Ceux qui en souffrent sont nombreux et que l’allergie soit respiratoire ou cutanée elle impose une vigilance de chaque instant. Selon l’Organisation Mondiale de la Santé elle serait la sixième pathologie au rang mondial et en augmentation constante dans les pays occidentaux.

Qui sont-elles?
Les allergies respiratoires sont les plus courantes.
Elles touchent l’appareil respiratoire à différents niveaux et sont de gravité très variable. La rhinite, qui concerne les parties hautes de l’appareil respiratoire, se caractérise par le célèbre « rhume des foins ». S’il ne présente pas de réelle gravité il est néanmoins gênant par sa possible virulence.
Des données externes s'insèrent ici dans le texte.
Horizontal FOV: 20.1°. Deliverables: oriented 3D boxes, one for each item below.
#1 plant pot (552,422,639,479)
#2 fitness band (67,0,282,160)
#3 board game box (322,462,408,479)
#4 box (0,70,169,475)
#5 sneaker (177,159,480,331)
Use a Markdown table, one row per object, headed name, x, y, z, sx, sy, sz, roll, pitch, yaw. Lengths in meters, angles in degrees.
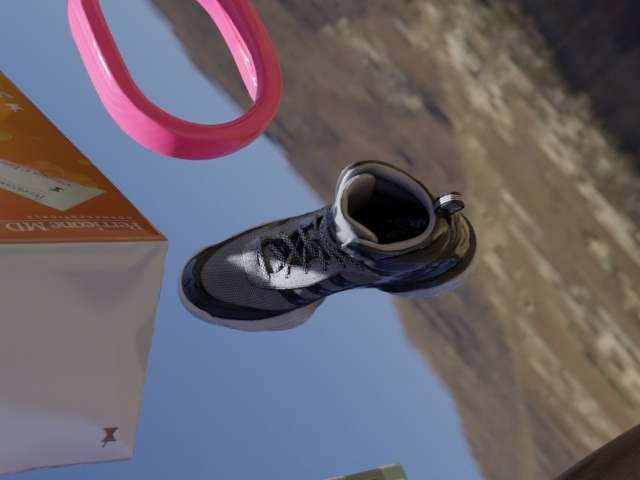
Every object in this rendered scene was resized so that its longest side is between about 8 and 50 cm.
| name | x | y | z | sx | sy | sz | roll | pitch | yaw |
| --- | --- | --- | --- | --- | --- | --- | --- | --- | --- |
| plant pot | 0.226 | 0.232 | 1.265 | 0.215 | 0.230 | 0.215 | 39 | 164 | 13 |
| fitness band | -0.159 | -0.213 | 1.976 | 0.209 | 0.054 | 0.291 | -9 | -121 | -32 |
| board game box | -0.087 | 0.336 | 1.888 | 0.079 | 0.336 | 0.254 | 69 | -162 | 11 |
| box | -0.279 | 0.007 | 1.252 | 0.215 | 0.168 | 0.345 | -1 | -155 | -31 |
| sneaker | 0.000 | 0.000 | 1.538 | 0.153 | 0.269 | 0.101 | 72 | -171 | -67 |

Saisonnier, il est directement lié à la production de pollens de certains végétaux : avril-mai est la saison des pollens d’arbres, mai-août, celle des graminées et juillet-septembre, celle des herbacées et des moisissures. Le Réseau National de Surveillance Aérobiologique étudie en permanence le contenu de l’air en particules biologiques pouvant avoir une incidence sur le risque allergique de la population. Mais ces rhinites peuvent également être dues à des allergènes professionnels, des acariens, les animaux de compagnie, le tabagisme (actif ou passif). L’humidité ou la pollution peuvent aussi renforcer ce phénomène allergique.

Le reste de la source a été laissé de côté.